Department of Pediatrics, Emory University School of Medicine, Atlanta, GA 30322, USA.
Center for CF & Airways Disease Research, Children's Healthcare of Atlanta, Atlanta, GA 30322, USA.
Int J Mol Sci. 2020 May 8;21(9):3331. doi: 10.3390/ijms21093331.
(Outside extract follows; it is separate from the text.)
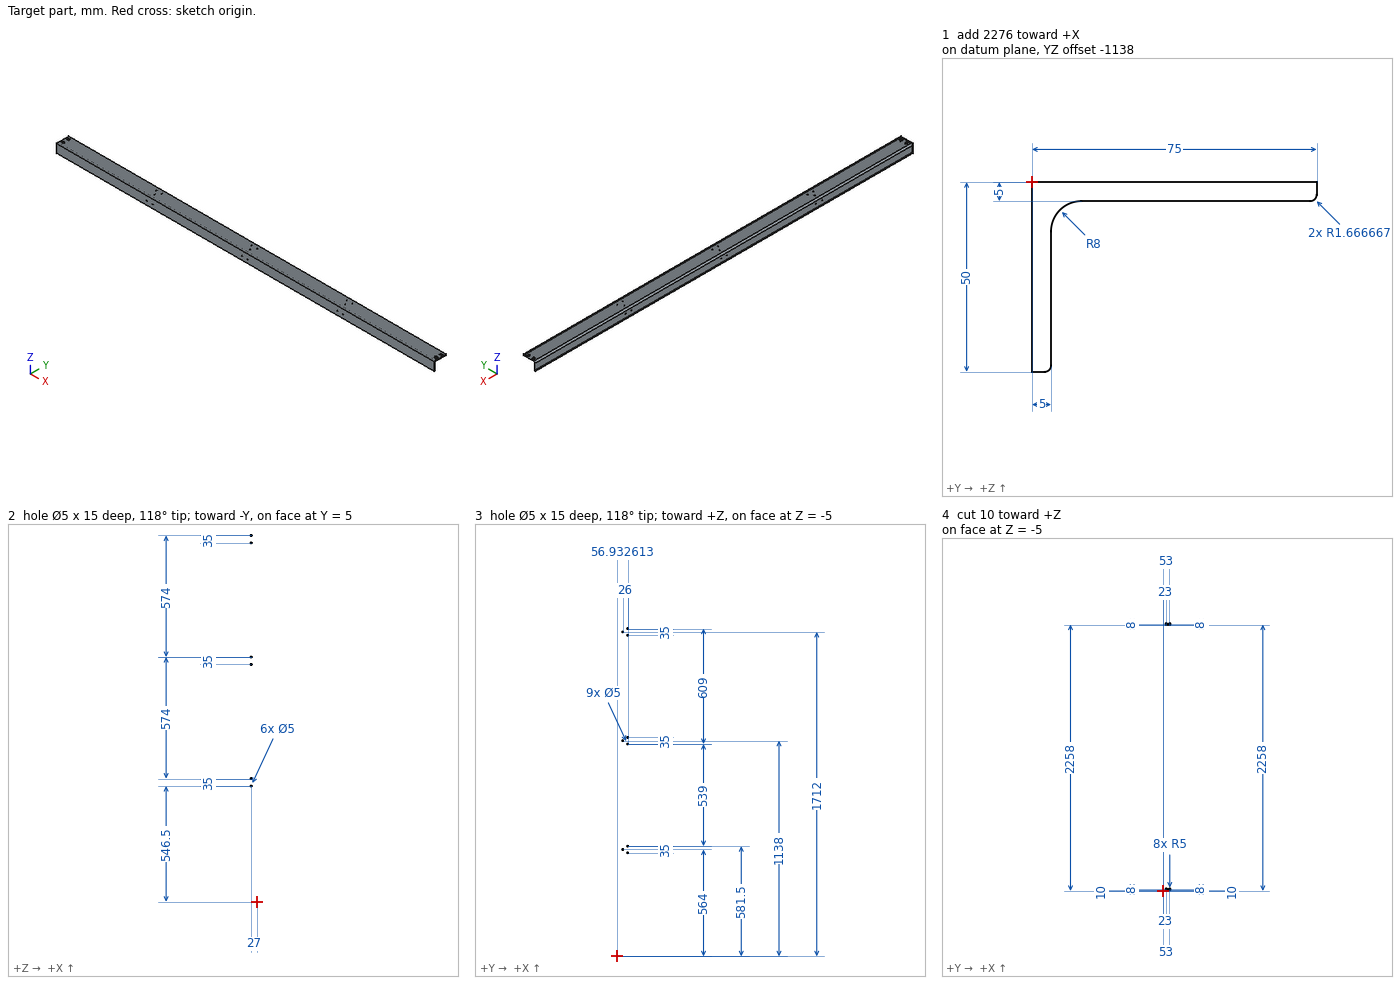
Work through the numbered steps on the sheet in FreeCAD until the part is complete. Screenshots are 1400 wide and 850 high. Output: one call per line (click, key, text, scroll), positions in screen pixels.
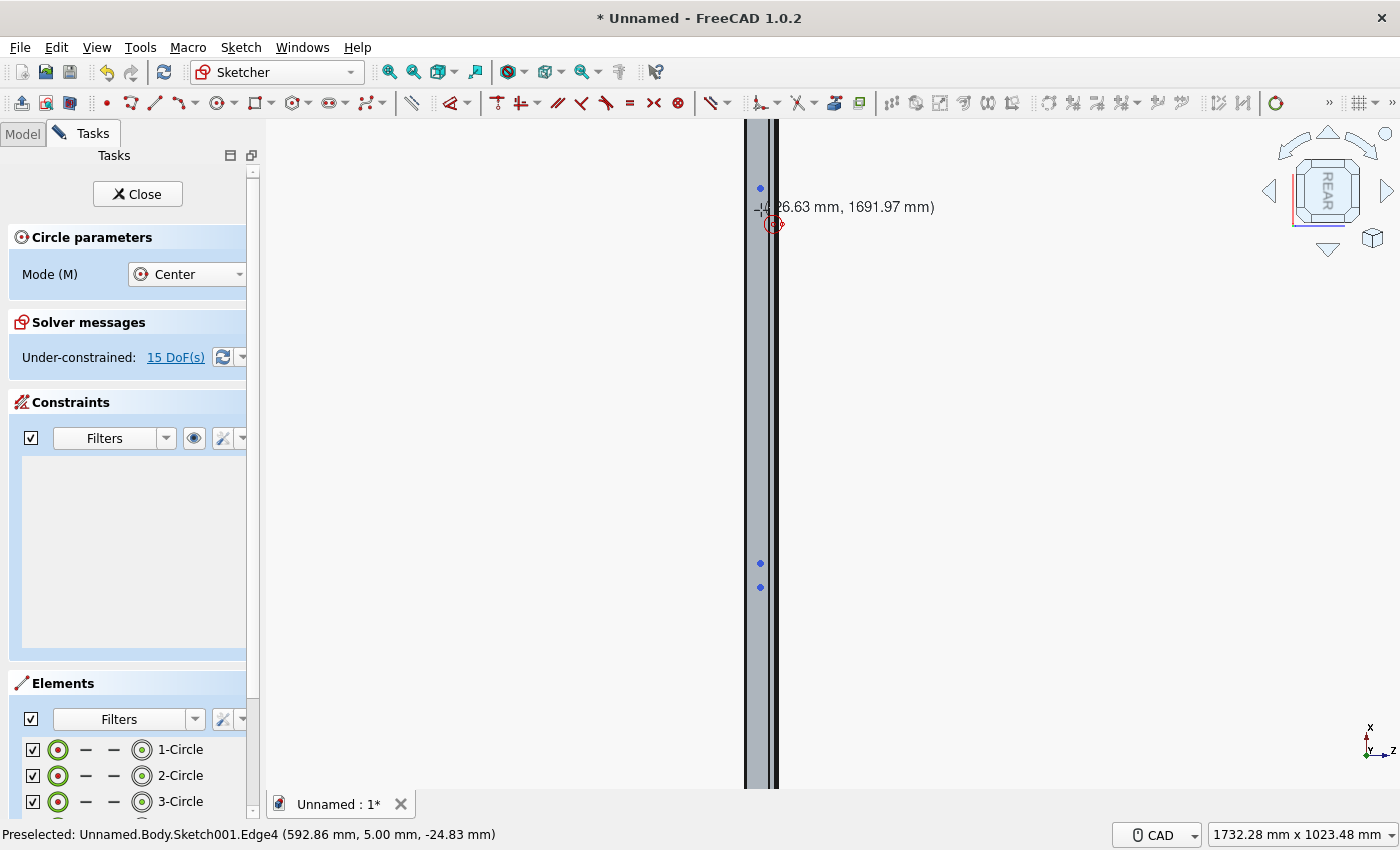
click(760, 210)

Cystic fibrosis (CF) lung disease is characterized by unconventional mechanisms of inflammation, implicating a chronic immune response dominated by innate immune cells. Historically, therapeutic development has focused on the mutated cystic fibrosis transmembrane conductance regulator (CFTR), leading to the discovery of small molecules aiming at modulating and potentiating the presence and activity of CFTR at the plasma membrane. However, treatment burden sustained by CF patients, side effects of current medications, and recent advances in other therapeutic areas have highlighted the need to develop novel disease targeting of the inflammatory component driving CF lung damage. Furthermore, current issues with standard treatment emphasize the need for directed lung therapies that could minimize systemic side effects. Here, we summarize current treatment used to target immune cells in the lungs, and highlight potential benefits and caveats of novel therapeutic strategies.
囊性纤维化(CF)肺病的特征是炎症的非传统机制,涉及先天免疫细胞主导的慢性免疫反应。从历史上看,治疗方法的开发一直集中在突变的囊性纤维化跨膜电导调节因子(CFTR)上,从而发现了旨在调节和增强质膜上 CFTR 的存在和活性的小分子。然而,CF 患者的治疗负担、现有药物的副作用以及其他治疗领域的最新进展突出表明,需要针对驱动 CF 肺损伤的炎症成分开发新的疾病靶向治疗方法。此外,目前标准治疗存在的问题强调需要进行靶向肺部的治疗,以最大程度地减少全身副作用。在这里,我们总结了目前用于靶向肺部免疫细胞的治疗方法,并强调了新型治疗策略的潜在益处和注意事项。